1. a kind of Human bodys' response method of combination 3D spring layers connection and Recognition with Recurrent Neural Network, it is characterised in that including walking as follows Suddenly：

Step 2, space-time characteristic extraction is carried out to video using trained 3D convolutional neural networks, and by the space-time of different levels Feature is connected in series with to obtain high dimensional feature vector；

Step 4, the high dimensional feature vector after standardization processing in step 3 is sent into Recognition with Recurrent Neural Network, carries out Fusion Features；

2. as described in claim 1 in conjunction with the Human bodys' response method of 3D spring layers connection and Recognition with Recurrent Neural Network, feature It is：In the step 1, give up the video if video totalframes is less than 48 frames, if video totalframes cannot be divided exactly by L, Give up last several frames.

3. as described in claim 1 in conjunction with the Human bodys' response method of 3D spring layers connection and Recognition with Recurrent Neural Network, feature It is：In the step 1, every section of video is divided into N section, the content from every extracting section L frame pictures is：By a video It is averagely divided into the parts N=3 by frame number, includes same number of frames per part, and L=16 frame figures are extracted from every part equal intervals Piece.

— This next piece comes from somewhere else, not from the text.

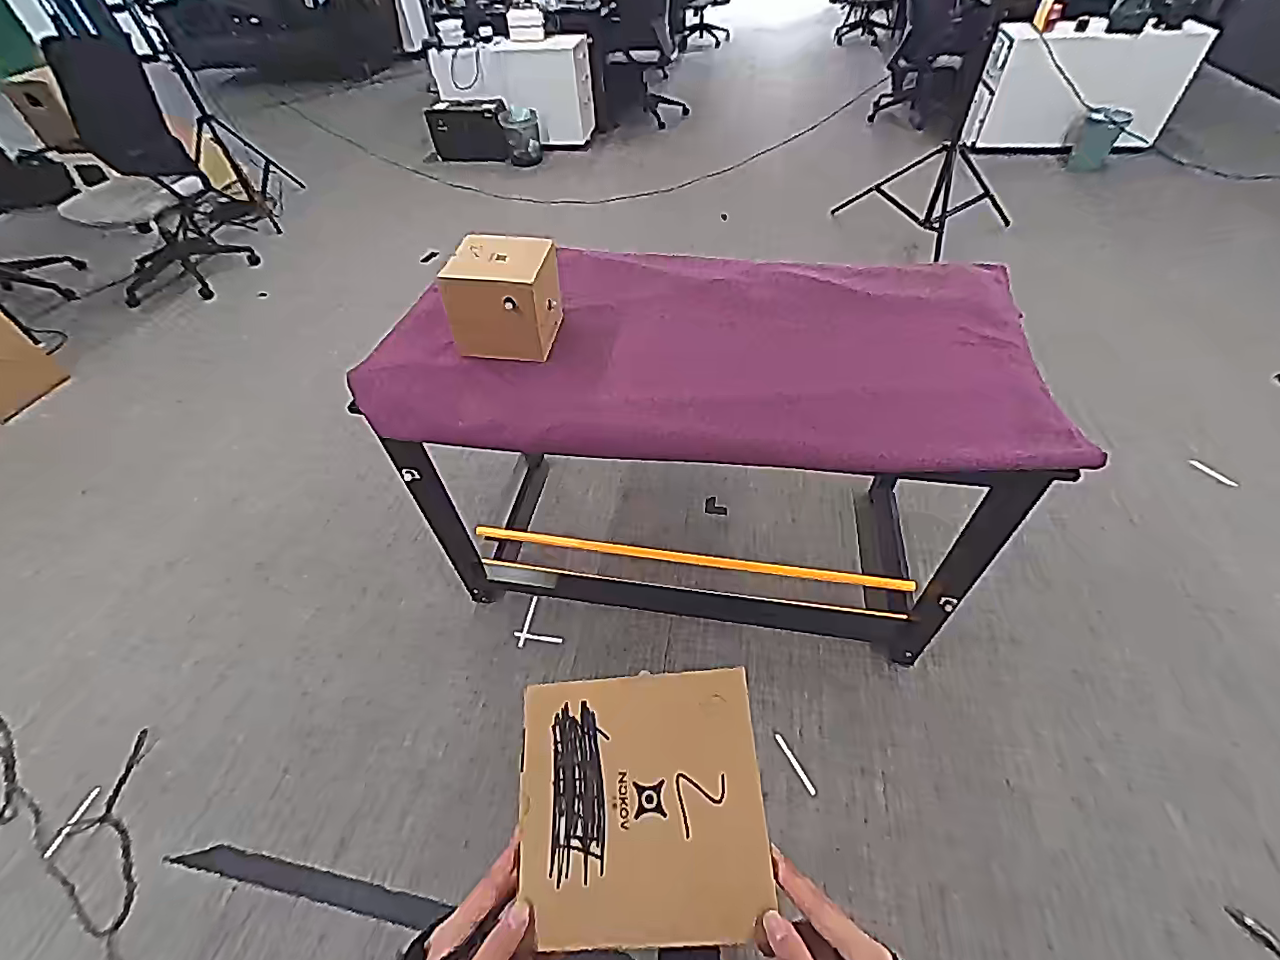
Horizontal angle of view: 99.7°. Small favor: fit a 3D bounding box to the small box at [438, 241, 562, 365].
[{"bbox_3d":[-0.258,-0.341,1.051,0.179,0.176,0.168,5,48,5],"label":"small box"}]

4. as claimed in claim 2 in conjunction with the Human bodys' response method of 3D spring layers connection and Recognition with Recurrent Neural Network, feature It is：The detailed process of the step 2 is：

Transfer learning：Using the convolution sum pond layer of trained C3D networks as feature extractor, in step 1 each 16 Frame input carries out space-time characteristic extraction, obtains the output vector of pool5num dimensions, carries out space-time characteristic extraction to entire video, carries The two-dimentional tensor (3, pool5num) of rear result is taken to indicate, wherein pool5num indicates the output dimension of feature extractor pond layer 5 Degree；

It is connected in series with：Each 16 frame is inputted, by the pond layer 1 of feature extractor, pond layer 2, pond layer 3 and pond layer 5 Output is connected in series with, and the feature vector of poolall_num dimensions is obtained, and feature series connection attended operation is carried out to entire video, Result after being connected in series with is indicated with two-dimentional tensor (3, poolall_num), wherein poolall_num=pool1num+ Pool2num+pool3num+pool5num, pool1num, pool2num, pool3num indicate feature extractor pond layer respectively 1, the output dimension of pond layer 2, pond layer 3.

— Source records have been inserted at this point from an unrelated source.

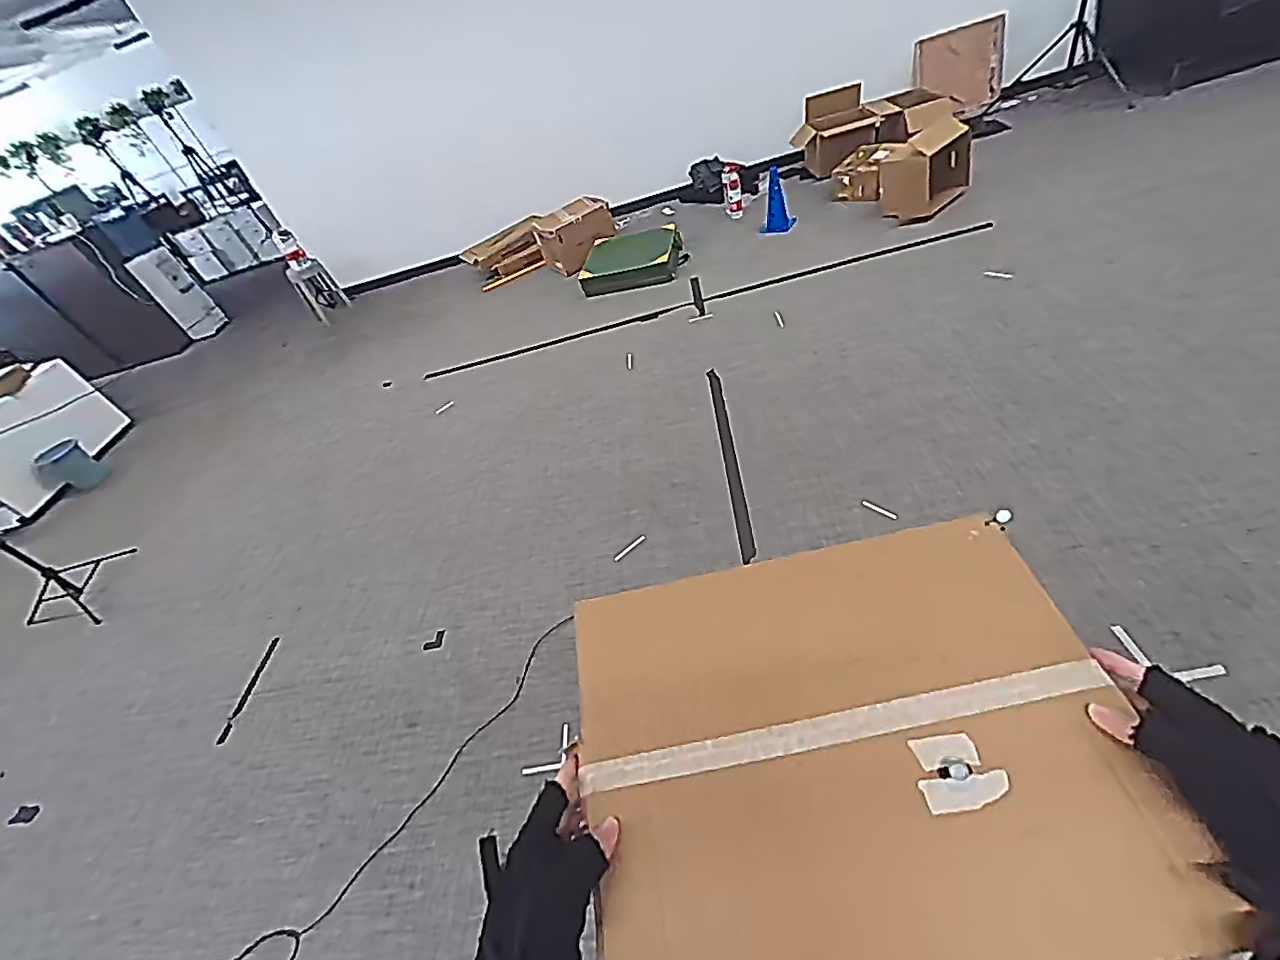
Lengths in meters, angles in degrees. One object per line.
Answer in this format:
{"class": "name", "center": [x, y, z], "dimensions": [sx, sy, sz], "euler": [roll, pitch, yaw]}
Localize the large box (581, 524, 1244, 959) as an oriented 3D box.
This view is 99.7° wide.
{"class": "large box", "center": [0.181, 0.296, 0.544], "dimensions": [0.408, 0.320, 0.320], "euler": [-13, 50, 3]}

5. as described in claim 1 in conjunction with the Human bodys' response method of 3D spring layers connection and Recognition with Recurrent Neural Network, feature It is：In the step 3, carrying out the detailed process of standardization processing is：

Then, with following formula pairIt is converted, obtains passing through γ^(k)And β^(k)New value y after variation^(k), then y^(k)Indicate warp Cross the characteristic value after standardization processing：

6. as described in claim 1 in conjunction with the Human bodys' response method of 3D spring layers connection and Recognition with Recurrent Neural Network, feature It is：In the step 4, the high dimensional feature vector after standardization processing in step 3 is sent into Recognition with Recurrent Neural Network, carries out feature The particular content of fusion is：Two-dimentional tensor (3, poolall_num) after standardization processing is sent into Recognition with Recurrent Neural Network, Wherein, the time step of Recognition with Recurrent Neural Network is 3, includes a hidden layer, and the neuron number for including in hidden layer is 256.

7. as described in claim 1 in conjunction with the Human bodys' response method of 3D spring layers connection and Recognition with Recurrent Neural Network, feature It is：In the step 5, using multiclass Softmax graders, the output of Recognition with Recurrent Neural Network in step 4 is linearly divided Class.